##_____________________ mieru



lonely me - Saturday, January 3, 2004
it's sad really. I never wanted to love anyone but I ended up doing so. I didn't know things were going to be this way, that I would be hurt so many times. With a feeling I've denied for so long, I finally meet it face to face. I don't understand why things have to be sacrificed when I finally incorporate a new emotion I have never felt before. It's so confusing. And then when I am alone, thinking to myself, I wonder if it is really love or something else. I can't tell the difference. I don't want to be hurt anymore. He isn't hurting me but as I grow with him, I have to keep lying to some others. I wonder if it's worth it. Yeah, I think it is... but no... that's what I thought last time. I don't know anymore. Inside I'm just a sad and confused person. Without him though... I am nothing. I love him don't I? I hope in the back of my head a part of me I do not recognize is planning something else.



anger and other stuff... - Friday, January 2, 2004
people can get mad for various reasons. some get mad for the smallest reasons and some are just... plain reasonable reasons. all in all, anger is something we all feel in life, whether it be expressed or not.

an ironic thing happened back in september to me. i was in a chatroom started by my best friend *cough cough*. and yeah, one of the people there who was a girl got really mad at me even though i was just innocently just playing around. the thing is, i wasn't talking to her and in the first place and when she did say something to me, it was with cuss words so i replied back with cuss words (because at first i seriously thought she was playing around... O___o) but then it turned serious. I apologized but she claimed I needed to bow down if I wanted forgiveness. No person needs to bow down to a person like that, especially someone who comes at you with an accusation rather than being all like "ok why'd you do that? was that towards me?" most ridiculous thing is... i heard that she thinks i don't like her because supposedly my best friend *cough cough* used to like her... and that is funny to me because he actually hates her. well the thing is, i tried to apologize but she doesn't listen. and now she wants to beat me up. it's sort of funny in a way... because she is overreacting and is too arrogant to consider the other side's behalf.



annoyance - Monday, December 29, 2003
i may be prying but... everyone has things that they are annoyed by, whether big or small... there are still irritating stuffz... and for me here's a list of some annoying things and before you flame me, i don't mean to offend -__- ...

- AzN and basically ASIAN repeats... like "Asian Pride" and "Yeah!
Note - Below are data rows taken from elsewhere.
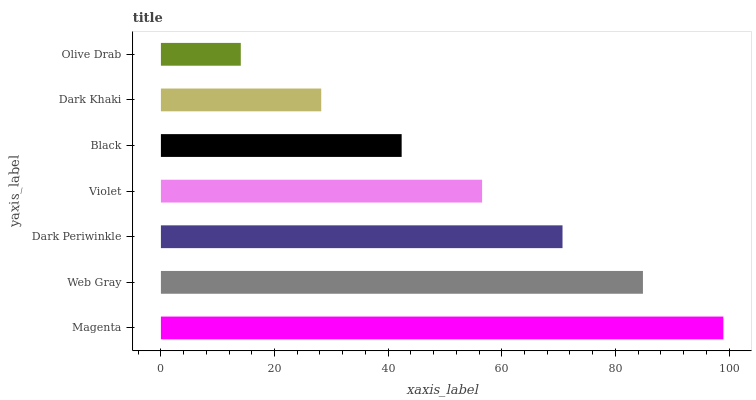Is Olive Drab the minimum?
Answer yes or no. Yes. Is Magenta the maximum?
Answer yes or no. Yes. Is Web Gray the minimum?
Answer yes or no. No. Is Web Gray the maximum?
Answer yes or no. No. Is Magenta greater than Web Gray?
Answer yes or no. Yes. Is Web Gray less than Magenta?
Answer yes or no. Yes. Is Web Gray greater than Magenta?
Answer yes or no. No. Is Magenta less than Web Gray?
Answer yes or no. No. Is Violet the high median?
Answer yes or no. Yes. Is Violet the low median?
Answer yes or no. Yes. Is Dark Khaki the high median?
Answer yes or no. No. Is Olive Drab the low median?
Answer yes or no. No.

I'm Asian!" ... in my head I'm like "so wut?!" because usually those types hang out with only Asians with an exception of few ppl...
- big asian groups where all you see are asian ppl and who are usually snobby... because they always hate me for no reason but the way they act is mean and gets to me -__-
- ppl with a large buddylist but have no conversations with them, or worse yet, that person doesn't even know that he/she is on that person's list... i mean who the hell cares, just have the sn's of people you talk to goddammnit...
- ppl who emphasize the beauty of a layout... u MOFO's it's about content cuz sum pretty sites got da worse content out there n vise versa
- guys who flirt their heart out to taken girls or guys who flirt at all, itz all about guys who act like themselves (but all love to MY GUY =) )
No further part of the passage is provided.